> _TASK DESCRIPTION_
From the listing, collect all lines containing the word "please".

> _MATERIAL PROVIDED_
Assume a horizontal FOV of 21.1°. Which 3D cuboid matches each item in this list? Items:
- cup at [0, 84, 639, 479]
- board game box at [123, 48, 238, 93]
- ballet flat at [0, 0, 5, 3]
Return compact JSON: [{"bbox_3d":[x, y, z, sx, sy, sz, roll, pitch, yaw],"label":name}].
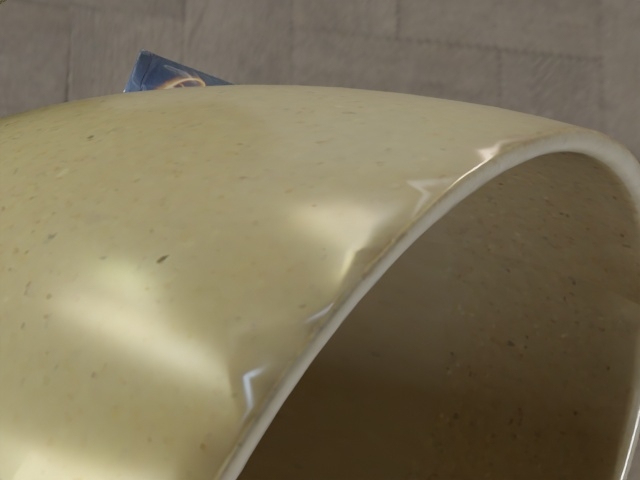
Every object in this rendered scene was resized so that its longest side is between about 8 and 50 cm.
[{"bbox_3d":[-0.063,0.081,0.599,0.237,0.331,0.331,24,68,29],"label":"cup"},{"bbox_3d":[0.000,0.000,0.932,0.243,0.165,0.042,20,58,-1],"label":"board game box"},{"bbox_3d":[-0.223,-0.113,0.616,0.400,0.139,0.139,-17,80,-3],"label":"ballet flat"}]
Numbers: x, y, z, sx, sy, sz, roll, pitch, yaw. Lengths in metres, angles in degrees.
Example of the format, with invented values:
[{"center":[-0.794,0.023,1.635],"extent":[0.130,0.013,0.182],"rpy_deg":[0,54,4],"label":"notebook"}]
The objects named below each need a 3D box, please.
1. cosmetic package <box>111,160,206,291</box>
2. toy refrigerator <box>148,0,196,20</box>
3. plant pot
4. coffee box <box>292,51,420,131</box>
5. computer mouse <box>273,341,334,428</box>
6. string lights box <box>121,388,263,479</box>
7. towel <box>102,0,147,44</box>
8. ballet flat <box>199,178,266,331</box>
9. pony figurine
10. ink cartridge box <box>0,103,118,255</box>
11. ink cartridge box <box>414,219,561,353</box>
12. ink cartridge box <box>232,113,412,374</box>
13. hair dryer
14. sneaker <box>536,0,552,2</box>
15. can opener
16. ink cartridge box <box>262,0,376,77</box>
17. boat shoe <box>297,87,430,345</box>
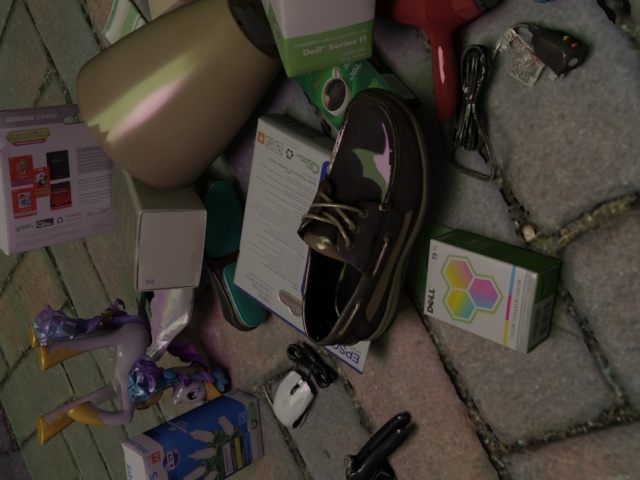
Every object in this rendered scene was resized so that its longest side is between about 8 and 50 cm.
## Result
[{"center":[-0.300,-0.061,1.229],"extent":[0.309,0.113,0.160],"rpy_deg":[-125,40,-49],"label":"cosmetic package"},{"center":[-0.234,-0.490,1.088],"extent":[0.094,0.102,0.269],"rpy_deg":[-14,88,47],"label":"toy refrigerator"},{"center":[-0.190,-0.255,1.063],"extent":[0.274,0.256,0.256],"rpy_deg":[-30,81,30],"label":"plant pot"},{"center":[0.046,-0.213,0.957],"extent":[0.184,0.040,0.113],"rpy_deg":[51,132,21],"label":"coffee box"},{"center":[-0.044,0.273,1.209],"extent":[0.106,0.042,0.193],"rpy_deg":[42,129,27],"label":"computer mouse"},{"center":[-0.233,0.395,1.282],"extent":[0.077,0.259,0.133],"rpy_deg":[9,110,44],"label":"string lights box"},{"center":[-0.373,-0.396,1.335],"extent":[0.152,0.023,0.113],"rpy_deg":[54,135,18],"label":"towel"},{"center":[-0.177,0.031,1.231],"extent":[0.096,0.095,0.280],"rpy_deg":[-5,99,55],"label":"ballet flat"},{"center":[-0.369,0.210,1.348],"extent":[0.303,0.363,0.351],"rpy_deg":[-40,58,52],"label":"pony figurine"},{"center":[-0.496,-0.148,1.334],"extent":[0.130,0.309,0.272],"rpy_deg":[26,119,38],"label":"ink cartridge box"},{"center":[0.193,0.053,0.880],"extent":[0.209,0.062,0.109],"rpy_deg":[21,118,40],"label":"ink cartridge box"},{"center":[0.000,0.000,1.058],"extent":[0.303,0.072,0.307],"rpy_deg":[31,125,32],"label":"ink cartridge box"},{"center":[0.145,-0.228,0.822],"extent":[0.293,0.080,0.223],"rpy_deg":[52,133,20],"label":"hair dryer"},{"center":[0.241,-0.346,0.709],"extent":[0.078,0.067,0.188],"rpy_deg":[-152,54,-61],"label":"sneaker"},{"center":[0.092,0.337,1.093],"extent":[0.059,0.073,0.186],"rpy_deg":[-97,27,-52],"label":"can opener"},{"center":[-0.016,-0.381,0.740],"extent":[0.353,0.119,0.207],"rpy_deg":[88,166,-62],"label":"ink cartridge box"},{"center":[0.047,-0.011,0.870],"extent":[0.132,0.130,0.355],"rpy_deg":[21,118,36],"label":"boat shoe"}]
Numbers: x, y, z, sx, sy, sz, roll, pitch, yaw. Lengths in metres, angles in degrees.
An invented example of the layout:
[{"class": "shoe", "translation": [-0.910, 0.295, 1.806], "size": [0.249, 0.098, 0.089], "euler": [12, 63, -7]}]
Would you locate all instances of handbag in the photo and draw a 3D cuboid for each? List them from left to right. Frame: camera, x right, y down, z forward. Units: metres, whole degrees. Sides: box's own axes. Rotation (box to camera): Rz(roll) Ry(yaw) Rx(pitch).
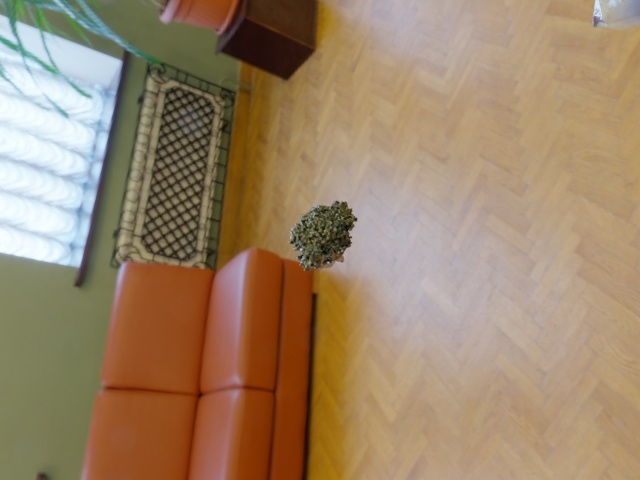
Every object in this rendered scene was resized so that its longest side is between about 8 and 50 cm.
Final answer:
[{"class": "handbag", "translation": [0.410, -0.331, 0.744], "size": [0.173, 0.095, 0.117], "euler": [-103, 13, -75]}]

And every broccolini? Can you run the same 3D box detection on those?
[{"class": "broccolini", "translation": [0.018, 0.009, 0.735], "size": [0.091, 0.068, 0.203], "euler": [-63, -16, -7]}]
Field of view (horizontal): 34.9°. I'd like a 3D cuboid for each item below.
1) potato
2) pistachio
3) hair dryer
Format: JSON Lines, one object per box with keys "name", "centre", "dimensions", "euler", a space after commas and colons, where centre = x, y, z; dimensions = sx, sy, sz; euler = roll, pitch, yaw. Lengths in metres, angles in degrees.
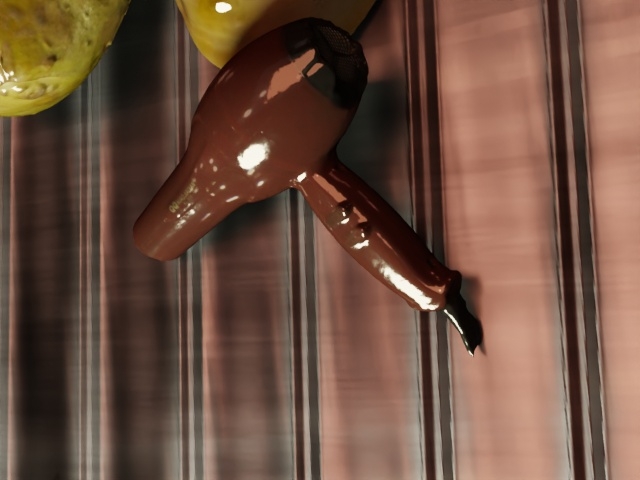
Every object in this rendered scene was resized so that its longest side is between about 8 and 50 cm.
{"name": "potato", "centre": [-0.295, -0.254, 1.072], "dimensions": [0.300, 0.196, 0.246], "euler": [-37, 35, -11]}
{"name": "pistachio", "centre": [-0.027, -0.281, 0.950], "dimensions": [0.261, 0.163, 0.212], "euler": [-34, 111, 3]}
{"name": "hair dryer", "centre": [0.000, 0.000, 0.936], "dimensions": [0.340, 0.123, 0.312], "euler": [47, 127, 7]}
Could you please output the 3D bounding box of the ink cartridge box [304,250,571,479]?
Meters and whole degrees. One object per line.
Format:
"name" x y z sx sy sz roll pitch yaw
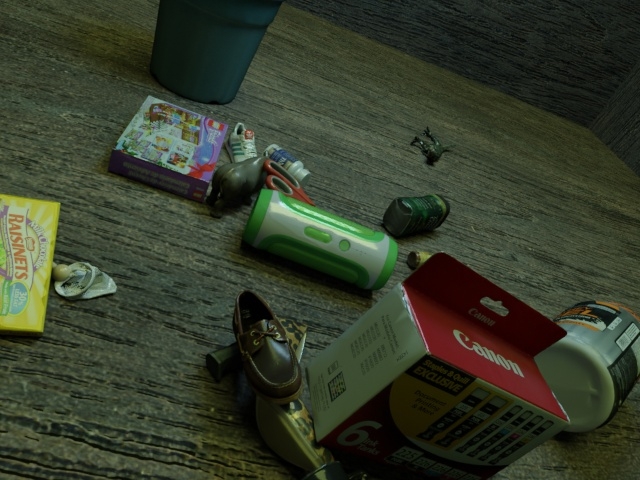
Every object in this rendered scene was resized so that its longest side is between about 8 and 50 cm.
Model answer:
"ink cartridge box" 0.185 0.196 0.779 0.309 0.272 0.130 28 28 -29

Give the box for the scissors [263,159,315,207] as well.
"scissors" -0.011 -0.069 1.227 0.297 0.021 0.109 36 27 -23

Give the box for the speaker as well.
"speaker" 0.000 0.000 1.127 0.297 0.131 0.131 21 33 -10

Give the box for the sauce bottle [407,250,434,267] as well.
"sauce bottle" 0.267 0.051 1.331 0.128 0.042 0.042 9 36 -29

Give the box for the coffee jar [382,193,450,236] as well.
"coffee jar" 0.250 -0.068 1.434 0.184 0.096 0.079 -11 51 -44

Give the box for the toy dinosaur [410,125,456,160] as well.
"toy dinosaur" 0.390 -0.334 1.955 0.118 0.064 0.268 41 32 9

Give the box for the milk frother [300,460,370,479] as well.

> _RESULT BELOW_
The objects named below each need a 3D box, please.
Could you please output the 3D bounding box of the ink cartridge box [304,250,571,479]?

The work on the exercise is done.